The bottom line is that it turns complex dashboard navigation into simple, actionable conversations with your AI client.

1. First, subscribe to this MCP on Vinkius and provide your Datadog API Key and Application Key.
2. Your AI client authenticates with the keys, establishing a secure connection to your live monitoring data.
3. You then ask conversational questions—like 'What was the average CPU usage for the staging environment last week?'—and receive real-time answers from the platform.

## Frequently Asked Questions

**What's the difference between Datadog API Key and Application Key?**
The **API Key** authenticates your requests to the Datadog platform and is required for all endpoints. The **Application Key** is an additional layer of authorization that controls what actions your integration can perform. Both are generated in Organization Settings > API and Application Keys. Most Datadog API endpoints require both keys.

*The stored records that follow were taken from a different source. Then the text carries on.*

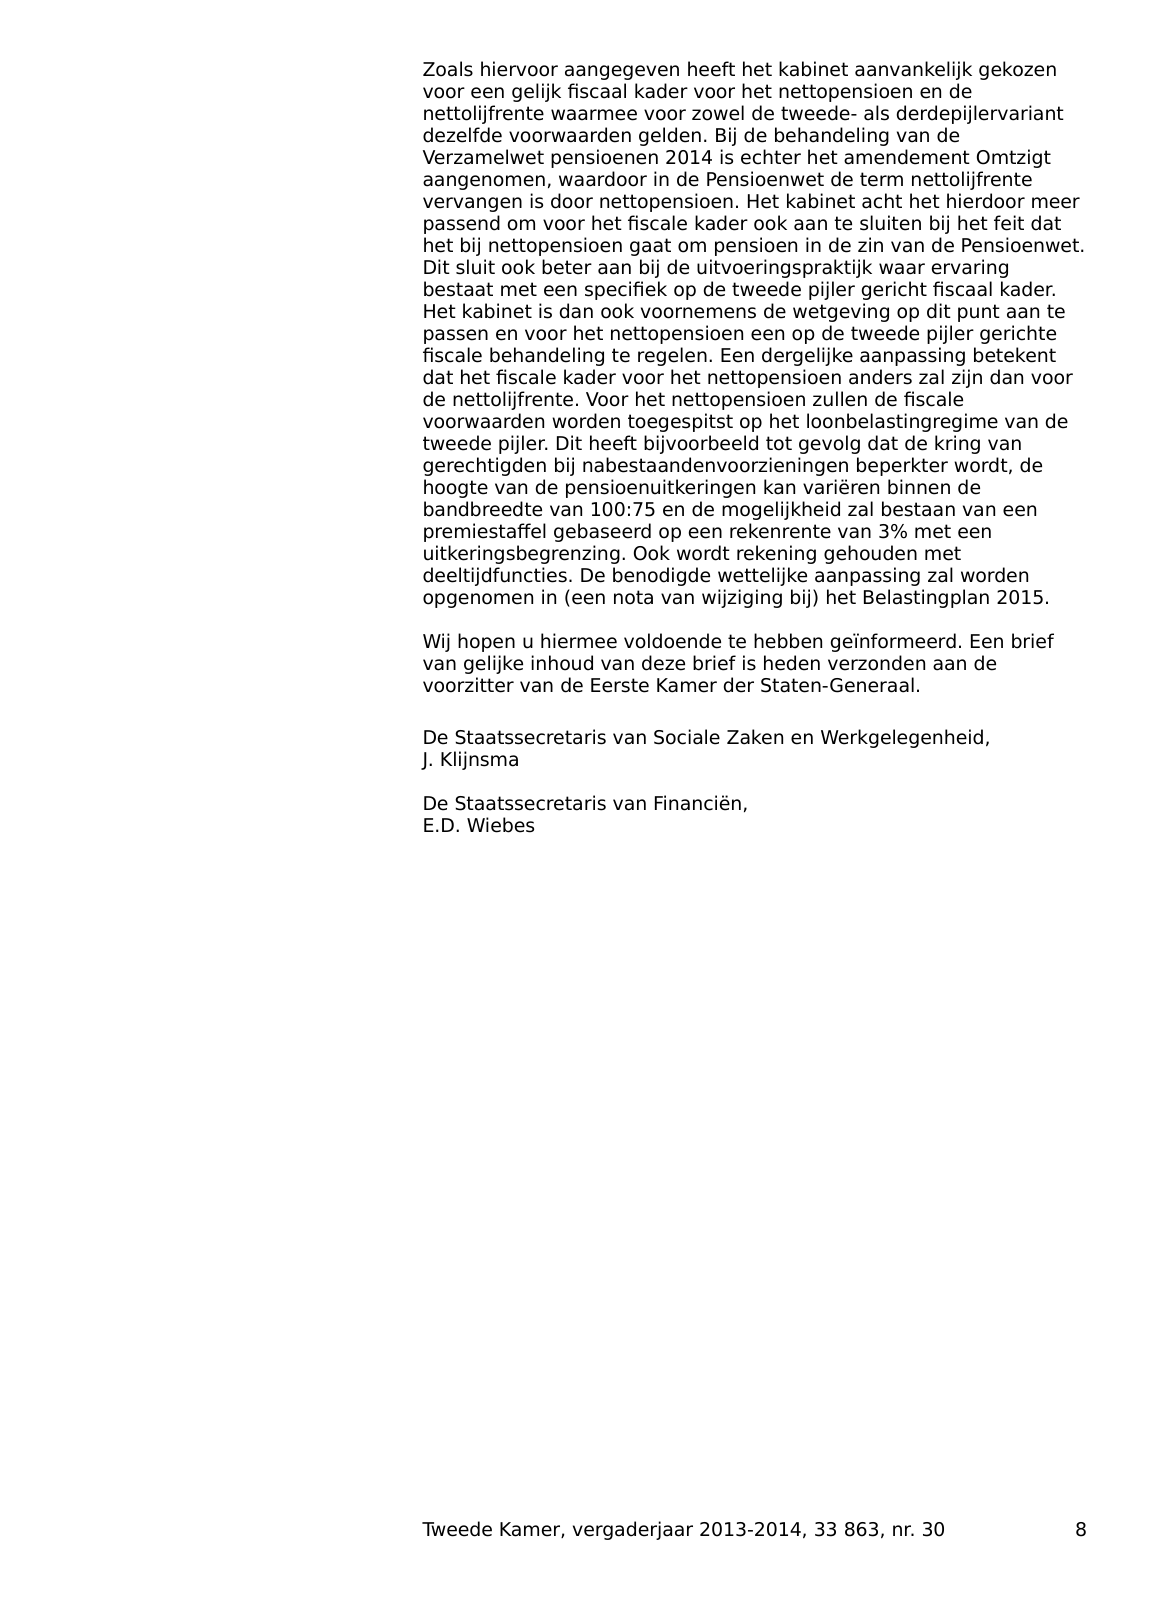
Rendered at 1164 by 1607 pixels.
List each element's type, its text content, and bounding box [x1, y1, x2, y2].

text Zoals hiervoor aangegeven heeft het kabinet aanvankelijk gekozen voor een gelijk fiscaal kader voor het nettopensioen en de nettolijfrente waarmee voor zowel de tweede- als derdepijlervariant dezelfde voorwaarden gelden. Bij de behandeling van de Verzamelwet pensioenen 2014 is echter het amendement Omtzigt aangenomen, waardoor in de Pensioenwet de term nettolijfrente vervangen is door nettopensioen. Het kabinet acht het hierdoor meer passend om voor het fiscale kader ook aan te sluiten bij het feit dat het bij nettopensioen gaat om pensioen in de zin van de Pensioenwet. Dit sluit ook beter aan bij de uitvoeringspraktijk waar ervaring bestaat met een specifiek op de tweede pijler gericht fiscaal kader. Het kabinet is dan ook voornemens de wetgeving op dit punt aan te passen en voor het nettopensioen een op de tweede pijler gerichte fiscale behandeling te regelen. Een dergelijke aanpassing betekent dat het fiscale kader voor het nettopensioen anders zal zijn dan voor de nettolijfrente. Voor het nettopensioen zullen de fiscale voorwaarden worden toegespitst op het loonbelastingregime van de tweede pijler. Dit heeft bijvoorbeeld tot gevolg dat de kring van gerechtigden bij nabestaandenvoorzieningen beperkter wordt, de hoogte van de pensioenuitkeringen kan variëren binnen de bandbreedte van 100:75 en de mogelijkheid zal bestaan van een premiestaffel gebaseerd op een rekenrente van 3% met een uitkeringsbegrenzing. Ook wordt rekening gehouden met deeltijdfuncties. De benodigde wettelijke aanpassing zal worden opgenomen in (een nota van wijziging bij) het Belastingplan 2015. [422, 59, 1087, 608]
text Wij hopen u hiermee voldoende te hebben geïnformeerd. Een brief van gelijke inhoud van deze brief is heden verzonden aan de voorzitter van de Eerste Kamer der Staten-Generaal. [422, 631, 1087, 697]
text De Staatssecretaris van Sociale Zaken en Werkgelegenheid, J. Klijnsma [422, 727, 1087, 771]
text De Staatssecretaris van Financiën, E.D. Wiebes [422, 793, 1087, 837]

**Can I mute a monitor during a maintenance window?**
Yes! Use the `mute_monitor` action with the monitor ID. You can optionally set an `end` timestamp (ISO 8601) for the mute to automatically expire, or specify a `scope` to mute only certain sub-alerts (e.g. 'env:staging'). Use `unmute_monitor` to re-enable notifications.

**What query syntax does the metrics endpoint use?**
Datadog uses a specific query format: `[function]:[metric]{[tags]}`. For example: `avg:system.cpu.user{host:web01}` returns the average CPU user time for host web01. Common functions include `avg`, `sum`, `max`, `min`, `count`. Time windows are specified in the query as `avg(last_5m):...` or passed as `from`/`to` Unix timestamps to the tool.